Persistent Systems recently inaugurated its first office in Poland to expand its nearshore capabilities in Europe. The office is situated in Kraków, this new office will be the latest addition to the company’s growing global delivery network. This delivery center will play a crucial role in driving digital transformation for clients across industries and provide local IT professionals ample opportunities to advance their careers by building cutting-edge software products and digital solutions.
Persistent Systems plans to expand the engineering center with a wide variety of skills such as cloud and product engineering, data and analytics, as well as customer experience experts. The company aims to leverage these skills and build on its digital engineering expertise by recruiting skilled personnel in various roles from the country.
The technology industry in Poland is thriving, given its central location in Europe, economic growth, start-up ecosystem and growing interest from hyperscalers who are establishing their operations in Poland.
On Monday, the stock opened at Rs 4,919.95, with a high and low of Rs 5,051.00 and Rs 4,889.05 respectively. The stock closed at Rs 5,037.70, up 3.07%. The stock has a 52-week high of Rs 5,131.15 and a 52-week low of Rs 3,091.65.
Technically, the stock has broken out from its 73-week cup and handle pattern supported by good volumes. Such a breakout is deemed positive over a medium-long term picture. The momentum oscillators also show strong upside momentum in the stock.

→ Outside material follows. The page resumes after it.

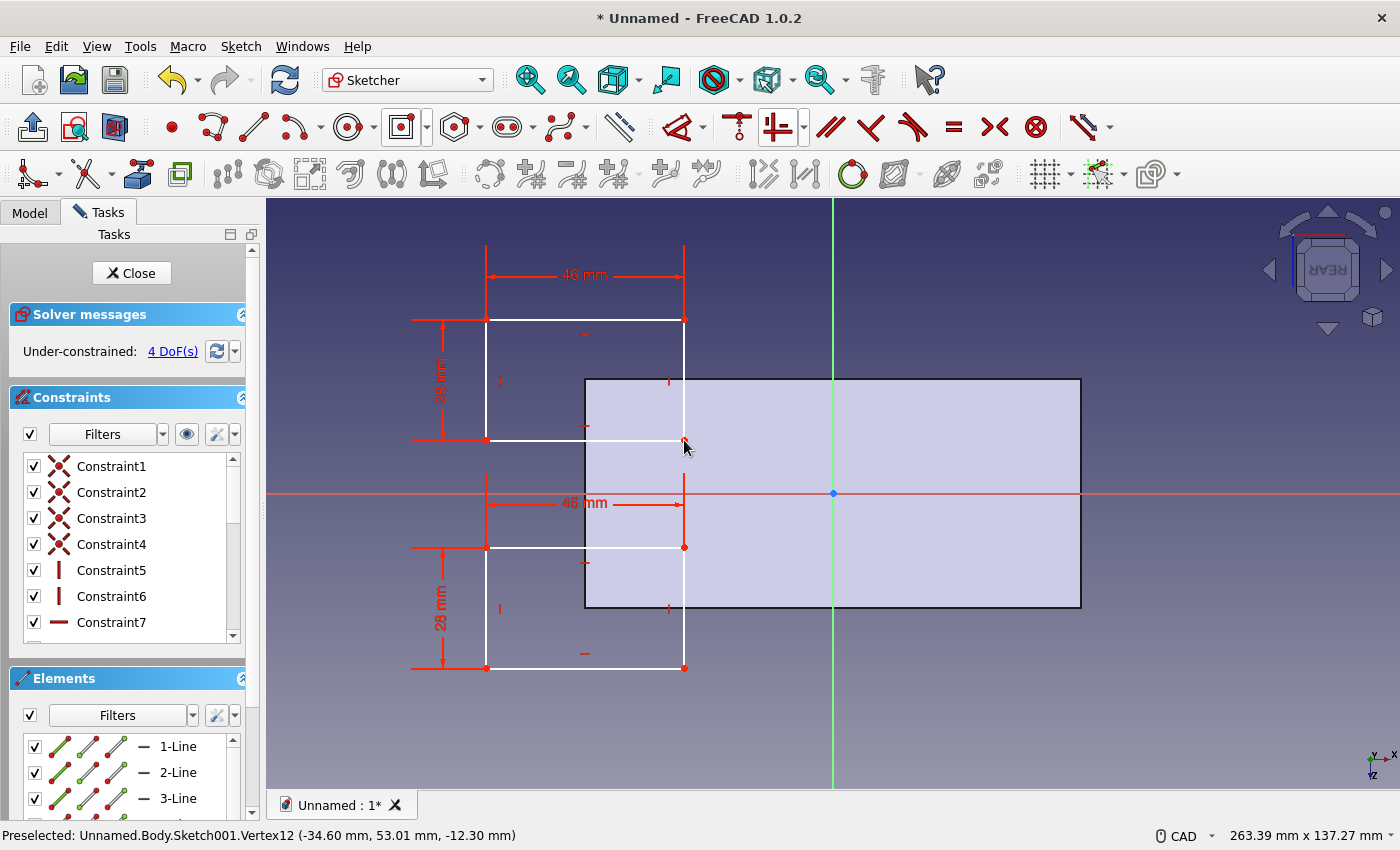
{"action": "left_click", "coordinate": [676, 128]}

Persistent Systems provides software engineering and strategy services to help companies implement and modernize their businesses. It has its own software and frameworks with pre-built integration and acceleration. The company is having depth of experience in the focused areas of telecommunications, life sciences and infrastructure and systems. It has invested and plans to continuously invest in new technologies and frameworks in the areas of cloud computing, analytics, enterprise collaboration and enterprise mobility.